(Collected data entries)
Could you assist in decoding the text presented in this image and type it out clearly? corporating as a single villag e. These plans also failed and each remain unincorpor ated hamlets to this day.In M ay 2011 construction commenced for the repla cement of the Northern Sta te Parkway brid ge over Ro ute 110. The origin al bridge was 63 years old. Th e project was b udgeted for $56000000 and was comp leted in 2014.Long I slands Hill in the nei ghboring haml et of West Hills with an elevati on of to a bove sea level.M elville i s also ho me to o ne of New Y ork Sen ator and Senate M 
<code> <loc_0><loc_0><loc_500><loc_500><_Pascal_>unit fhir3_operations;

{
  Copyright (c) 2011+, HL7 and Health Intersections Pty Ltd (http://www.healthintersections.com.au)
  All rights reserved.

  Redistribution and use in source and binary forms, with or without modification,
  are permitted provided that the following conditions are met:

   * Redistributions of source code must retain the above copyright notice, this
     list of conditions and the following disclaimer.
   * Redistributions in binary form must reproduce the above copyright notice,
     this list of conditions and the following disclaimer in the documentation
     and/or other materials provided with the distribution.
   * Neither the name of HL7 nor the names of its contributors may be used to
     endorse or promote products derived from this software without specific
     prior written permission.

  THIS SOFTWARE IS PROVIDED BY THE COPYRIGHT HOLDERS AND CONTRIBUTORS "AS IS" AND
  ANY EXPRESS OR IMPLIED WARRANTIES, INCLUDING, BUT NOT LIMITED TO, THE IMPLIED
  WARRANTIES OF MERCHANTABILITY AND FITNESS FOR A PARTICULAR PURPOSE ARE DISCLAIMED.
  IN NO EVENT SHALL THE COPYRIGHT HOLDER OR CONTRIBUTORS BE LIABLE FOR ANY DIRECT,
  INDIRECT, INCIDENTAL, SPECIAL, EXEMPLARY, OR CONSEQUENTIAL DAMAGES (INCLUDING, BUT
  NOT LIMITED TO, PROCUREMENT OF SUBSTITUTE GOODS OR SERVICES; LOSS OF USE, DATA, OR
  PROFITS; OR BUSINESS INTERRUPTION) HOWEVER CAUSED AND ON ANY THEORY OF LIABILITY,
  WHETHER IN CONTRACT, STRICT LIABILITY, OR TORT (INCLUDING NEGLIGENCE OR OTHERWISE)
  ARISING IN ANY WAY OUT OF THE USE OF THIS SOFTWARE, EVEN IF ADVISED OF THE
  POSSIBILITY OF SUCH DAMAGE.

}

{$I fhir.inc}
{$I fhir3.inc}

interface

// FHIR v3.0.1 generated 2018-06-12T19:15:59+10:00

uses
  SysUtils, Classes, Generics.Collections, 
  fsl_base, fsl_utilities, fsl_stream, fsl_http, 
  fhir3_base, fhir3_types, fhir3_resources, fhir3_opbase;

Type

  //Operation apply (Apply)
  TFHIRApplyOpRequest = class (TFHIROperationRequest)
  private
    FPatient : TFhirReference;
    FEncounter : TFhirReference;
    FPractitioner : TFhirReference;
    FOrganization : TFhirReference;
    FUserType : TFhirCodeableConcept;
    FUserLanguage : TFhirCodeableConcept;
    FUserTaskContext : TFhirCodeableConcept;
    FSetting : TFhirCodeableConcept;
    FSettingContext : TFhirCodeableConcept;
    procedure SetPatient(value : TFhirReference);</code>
...
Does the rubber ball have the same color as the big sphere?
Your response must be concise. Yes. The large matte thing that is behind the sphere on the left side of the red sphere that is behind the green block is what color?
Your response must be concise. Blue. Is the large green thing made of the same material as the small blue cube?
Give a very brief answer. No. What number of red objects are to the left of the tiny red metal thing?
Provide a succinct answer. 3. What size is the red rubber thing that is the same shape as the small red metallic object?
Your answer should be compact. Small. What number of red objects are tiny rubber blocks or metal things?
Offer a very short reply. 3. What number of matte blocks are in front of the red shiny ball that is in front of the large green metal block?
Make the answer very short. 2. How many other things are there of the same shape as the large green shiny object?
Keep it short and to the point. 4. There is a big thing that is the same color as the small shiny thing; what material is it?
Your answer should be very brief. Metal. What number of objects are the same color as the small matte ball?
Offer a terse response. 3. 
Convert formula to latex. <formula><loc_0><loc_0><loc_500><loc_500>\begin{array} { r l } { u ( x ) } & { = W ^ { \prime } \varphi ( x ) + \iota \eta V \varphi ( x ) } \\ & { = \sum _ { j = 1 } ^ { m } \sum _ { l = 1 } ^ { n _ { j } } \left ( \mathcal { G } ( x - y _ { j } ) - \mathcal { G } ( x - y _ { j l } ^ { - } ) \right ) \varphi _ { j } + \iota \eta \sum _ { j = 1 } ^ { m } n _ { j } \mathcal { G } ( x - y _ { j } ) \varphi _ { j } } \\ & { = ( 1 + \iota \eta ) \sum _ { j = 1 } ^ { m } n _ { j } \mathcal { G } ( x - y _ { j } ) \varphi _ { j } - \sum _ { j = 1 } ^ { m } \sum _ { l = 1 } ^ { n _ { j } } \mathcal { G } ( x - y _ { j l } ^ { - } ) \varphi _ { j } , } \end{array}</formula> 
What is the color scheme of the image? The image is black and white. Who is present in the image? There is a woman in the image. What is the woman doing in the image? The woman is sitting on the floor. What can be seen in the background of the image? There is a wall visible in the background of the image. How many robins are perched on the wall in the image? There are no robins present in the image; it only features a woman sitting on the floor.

● TASK BRIEF
Copy out every line of the data in which the word "short" is found.

● RESULT
Offer a very short reply. 3. What number of matte blocks are in front of the red shiny ball that is in front of the large green metal block?
Make the answer very short. 2. How many other things are there of the same shape as the large green shiny object?
Keep it short and to the point. 4. There is a big thing that is the same color as the small shiny thing; what material is it?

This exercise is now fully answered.